Outro dia uma pessoa me perguntou: você vampiriza as pessoas que conhece para escrever seus textos?
Vampirizar é um verbo ao mesmo tempo charmoso, por invocar algo cinematográfico, e nefasto, pelo seu potencial destruidor. Não me soou bem, parecia que eu era um personagem de filme noir, uma maquiavélica toda vestida de preto, sedutora, disposta a arrancar o sangue dos meus interlocutores e devolvê-los à rua feito zumbis, ocos por dentro.
Disse a ela: claro que tudo que escuto aqui ou ali me serve de inspiração, a vida é minha matéria-prima, e não vivo isolada, minhas emoções são provocadas por gente com quem me relaciono e elas acabam incluídas no meu repertório criativo, mas...
Ah, o mas. Mas não exponho ninguém de forma maldosa, narro as situações com alguns acréscimos fictícios, não entrego nomes nem detalhes identificáveis – respeito a discrição alheia, e a minha, inclusive.
A não ser que seja um elogio público, aí quem não gosta de ser citado?
Lembro uma entrevista de uma importante compositora e cantora. O entrevistador perguntou se ela já havia transado com alguém só para extrair da transa uma música. Ela respondeu que não, mas que era inevitável que as coisas se misturassem, e contou que certa vez estava saindo com um cafajeste e ligou para uma amiga dizendo: "Ele foi embora! Ele me deixou!". A amiga interrompeu e perguntou: "Quantas canções?" A cantora respondeu: "Não fale assim, ele me deixou, isso é horrível!" A amiga insistiu: "Quantas canções?" A cantora respondeu: "Três". A amiga: "Ótimo, nós amamos esse cara".
É isso. Para o bem e para o mal, tudo o que o artista sente é processado e traduzido de alguma forma para as obras que cria. Sorte da plateia.
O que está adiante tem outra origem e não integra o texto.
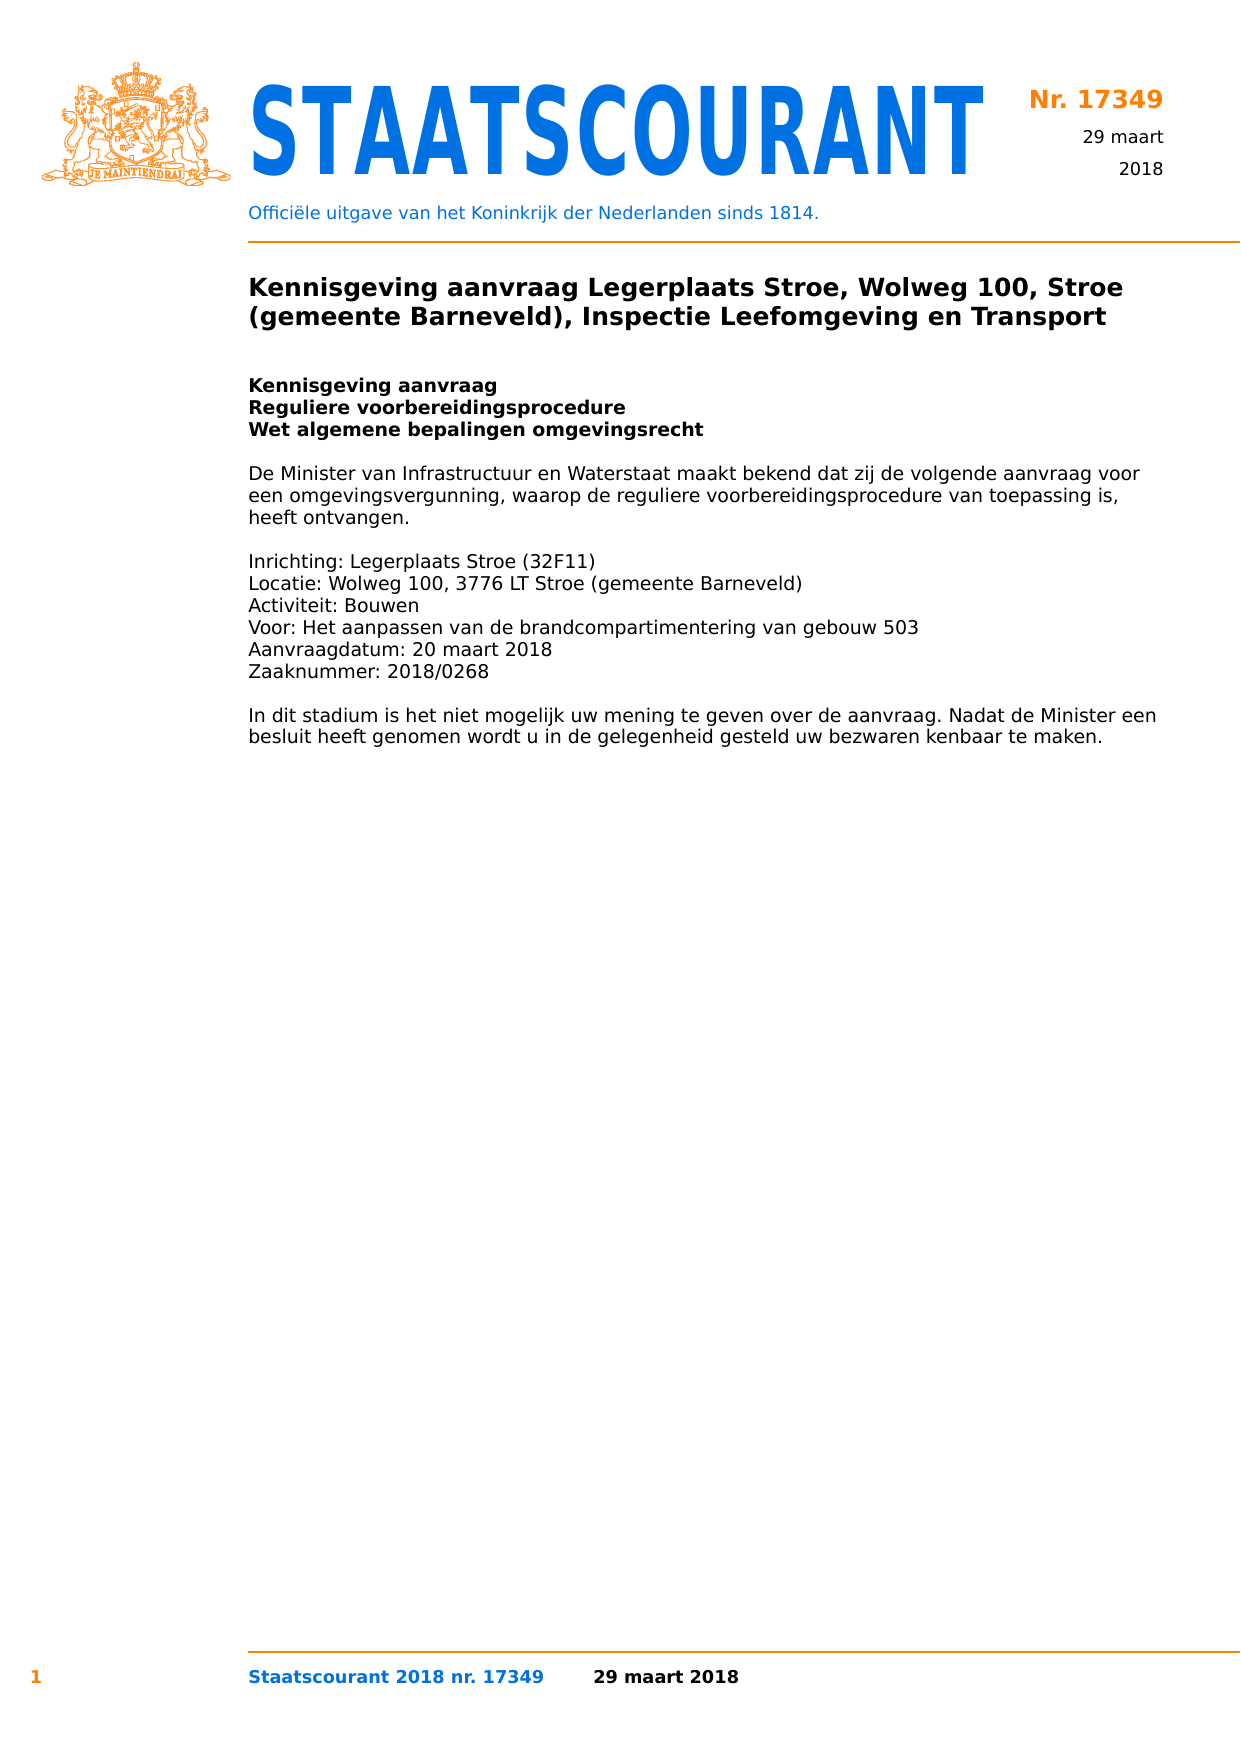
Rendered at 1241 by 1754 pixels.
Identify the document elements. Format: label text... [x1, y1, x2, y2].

Nós amamos todas as garotas que fizeram os Beatles comporem She Loves You, I Want to Hold Your Hand e Oh, Darling. Todos os homens que piraram Tina Turner e Janis Joplin. Todos os pais opressivos de rebeldes que fugiram de casa e transformaram sua errância em acordes de guitarra. Todos os amigos que traíram Eric Clapton, todas as amantes de Mick Jagger, todos os sanguessugas com quem Billie Holiday e Amy Winehouse se meteram, todos os desalmados que fizeram Cazuza e Renato Russo atravessarem madrugadas curtindo uma fossa e rabiscando versos em guardanapos. Sem falar nos quadros, filmes e livros que nasceram de desavenças familiares, vinganças entre guetos, distúrbios emocionais inspirados por mães indiferentes.
Não há autor que não se abasteça da própria experiência e exorcize sua dor com o seu talento. Se isso é vampirismo, só nos resta erguer um altar para quem entrou com o pescoço.